PROMPT: Pictures must be left out. Print the lines from the beginning of the material through the line holding "3) Our function becomes $f(x) = ax^2 + c$.", exactly and nothing else.
#### THE INPUT
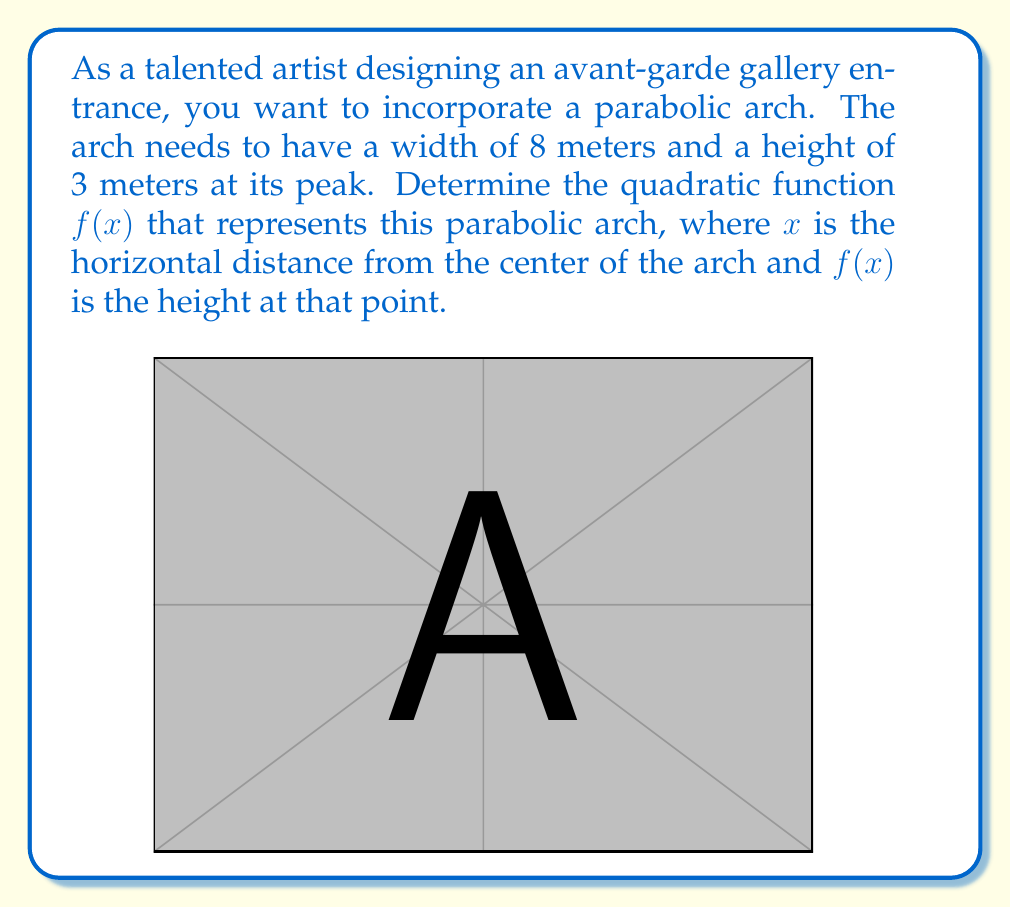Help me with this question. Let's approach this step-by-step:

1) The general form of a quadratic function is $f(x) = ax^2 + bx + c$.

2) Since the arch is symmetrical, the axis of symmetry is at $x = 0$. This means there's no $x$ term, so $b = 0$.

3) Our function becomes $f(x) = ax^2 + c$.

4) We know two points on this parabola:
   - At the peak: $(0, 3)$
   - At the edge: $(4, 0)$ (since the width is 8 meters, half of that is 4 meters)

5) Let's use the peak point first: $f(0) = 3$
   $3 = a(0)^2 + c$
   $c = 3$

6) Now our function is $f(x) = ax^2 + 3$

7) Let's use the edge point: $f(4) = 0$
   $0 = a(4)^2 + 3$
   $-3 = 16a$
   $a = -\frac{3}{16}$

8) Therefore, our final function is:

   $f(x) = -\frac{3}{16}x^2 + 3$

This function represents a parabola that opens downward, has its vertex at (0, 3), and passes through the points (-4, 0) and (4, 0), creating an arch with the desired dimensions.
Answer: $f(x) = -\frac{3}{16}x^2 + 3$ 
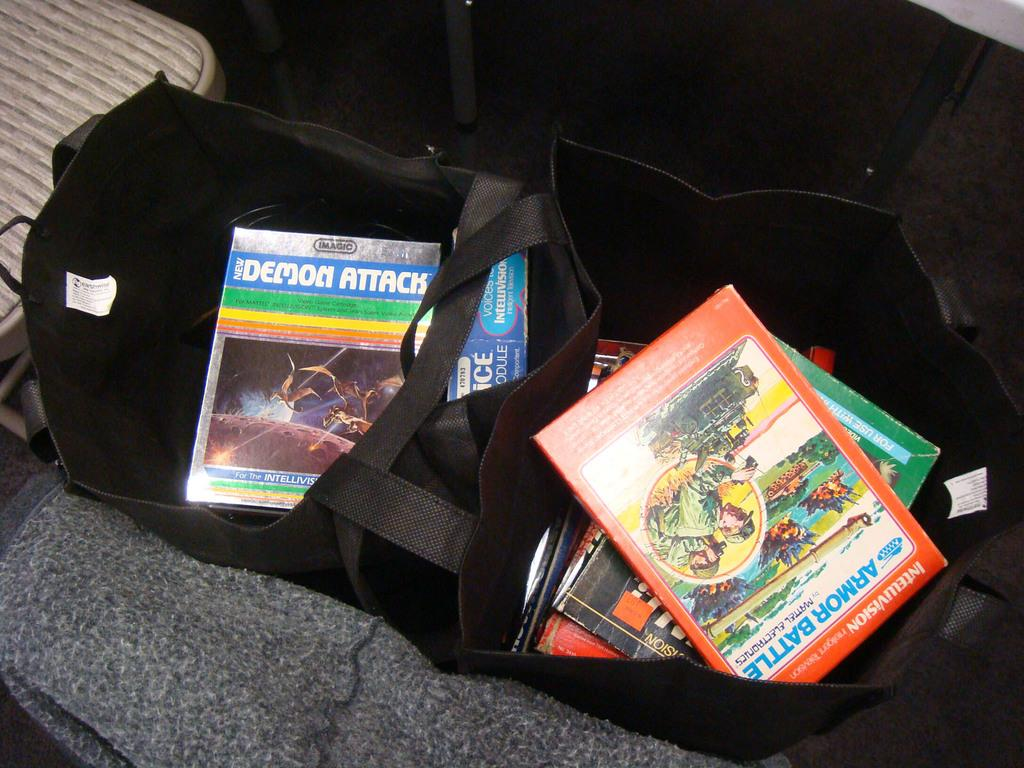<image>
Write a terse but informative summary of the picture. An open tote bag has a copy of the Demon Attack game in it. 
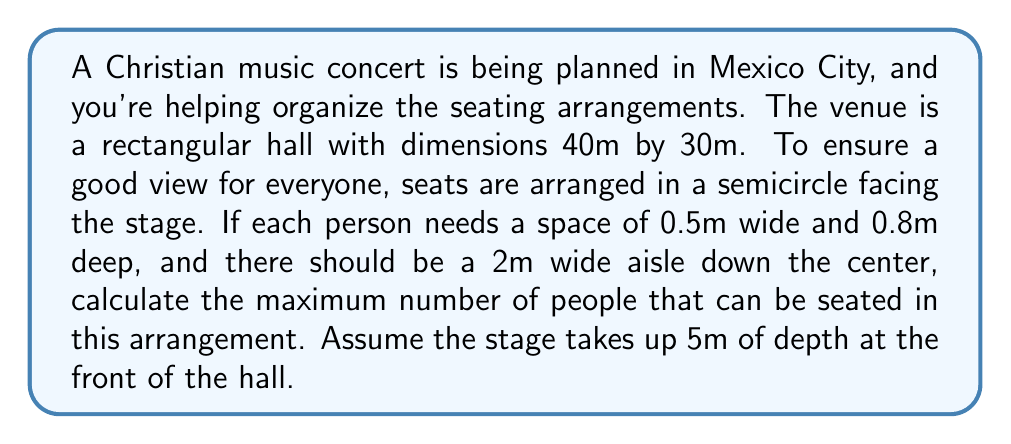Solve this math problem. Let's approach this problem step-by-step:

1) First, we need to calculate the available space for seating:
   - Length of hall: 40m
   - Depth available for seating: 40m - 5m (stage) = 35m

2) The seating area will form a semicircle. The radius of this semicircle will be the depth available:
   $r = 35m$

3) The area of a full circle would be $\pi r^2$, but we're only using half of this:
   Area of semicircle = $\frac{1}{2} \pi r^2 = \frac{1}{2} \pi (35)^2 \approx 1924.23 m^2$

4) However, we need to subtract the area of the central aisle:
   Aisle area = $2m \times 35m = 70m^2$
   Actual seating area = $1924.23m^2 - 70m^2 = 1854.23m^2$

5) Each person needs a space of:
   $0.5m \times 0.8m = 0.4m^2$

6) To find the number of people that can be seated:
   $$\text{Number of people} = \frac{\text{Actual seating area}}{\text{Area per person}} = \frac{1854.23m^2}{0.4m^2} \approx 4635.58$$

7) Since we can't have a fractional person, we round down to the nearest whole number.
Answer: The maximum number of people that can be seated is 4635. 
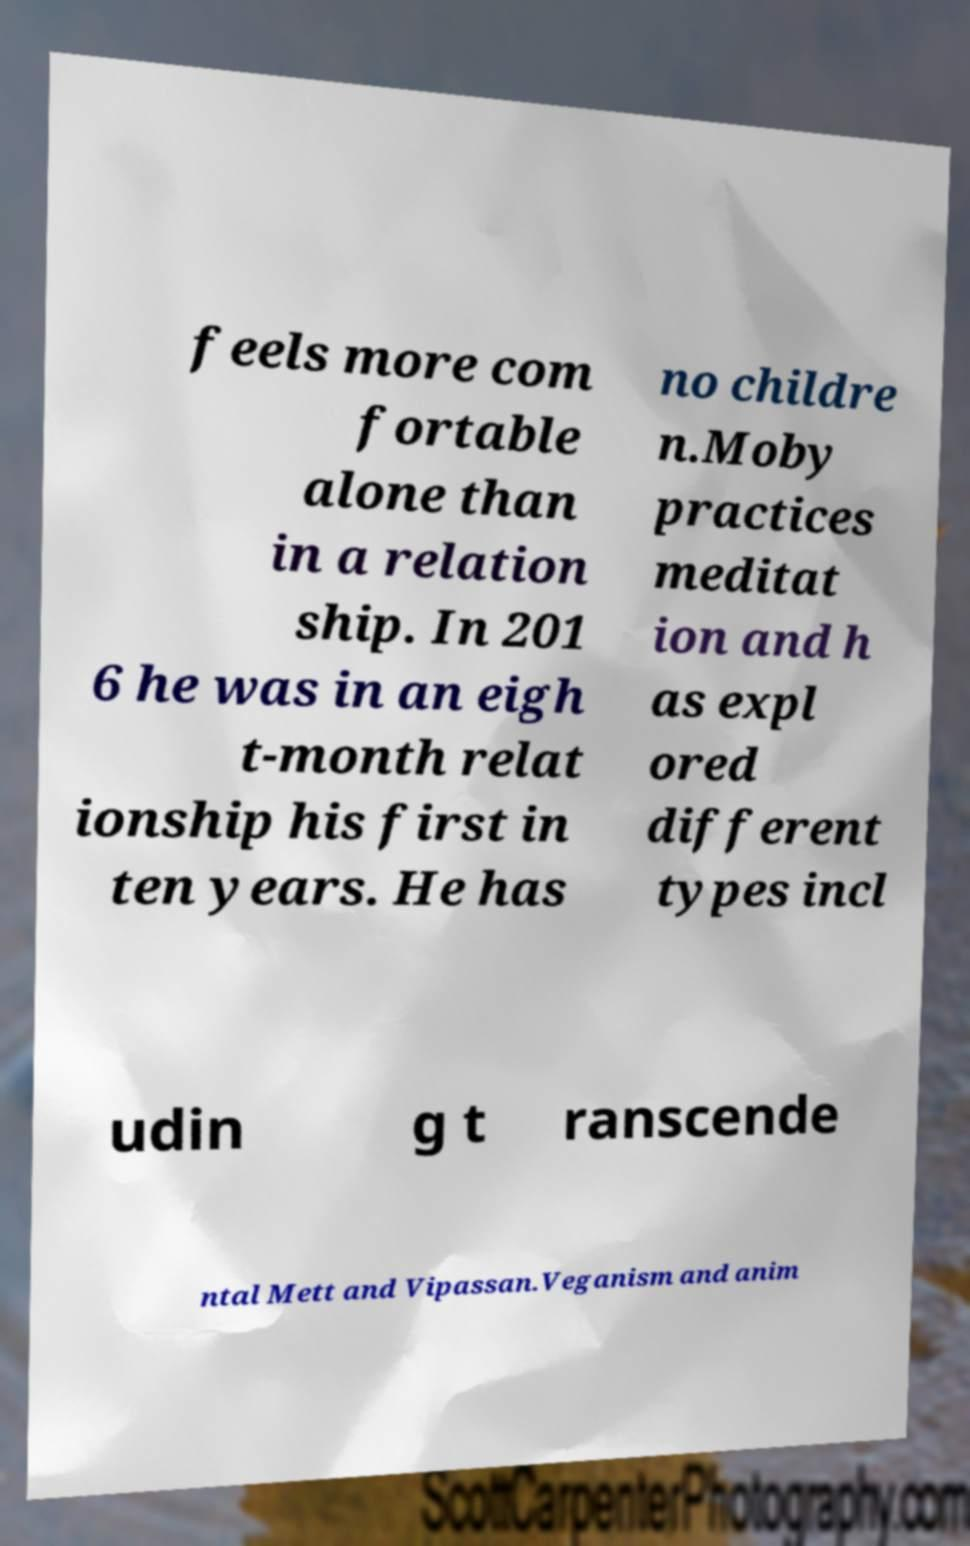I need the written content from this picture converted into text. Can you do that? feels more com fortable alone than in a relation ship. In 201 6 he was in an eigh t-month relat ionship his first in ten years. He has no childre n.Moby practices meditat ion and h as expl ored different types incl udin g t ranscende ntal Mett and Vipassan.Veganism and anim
########
ANSWER SPACE:
Help me with this question. Let's approach this step-by-step:

1) The general form of a quadratic function is $f(x) = ax^2 + bx + c$.

2) Since the arch is symmetrical, the axis of symmetry is at $x = 0$. This means there's no $x$ term, so $b = 0$.

3) Our function becomes $f(x) = ax^2 + c$.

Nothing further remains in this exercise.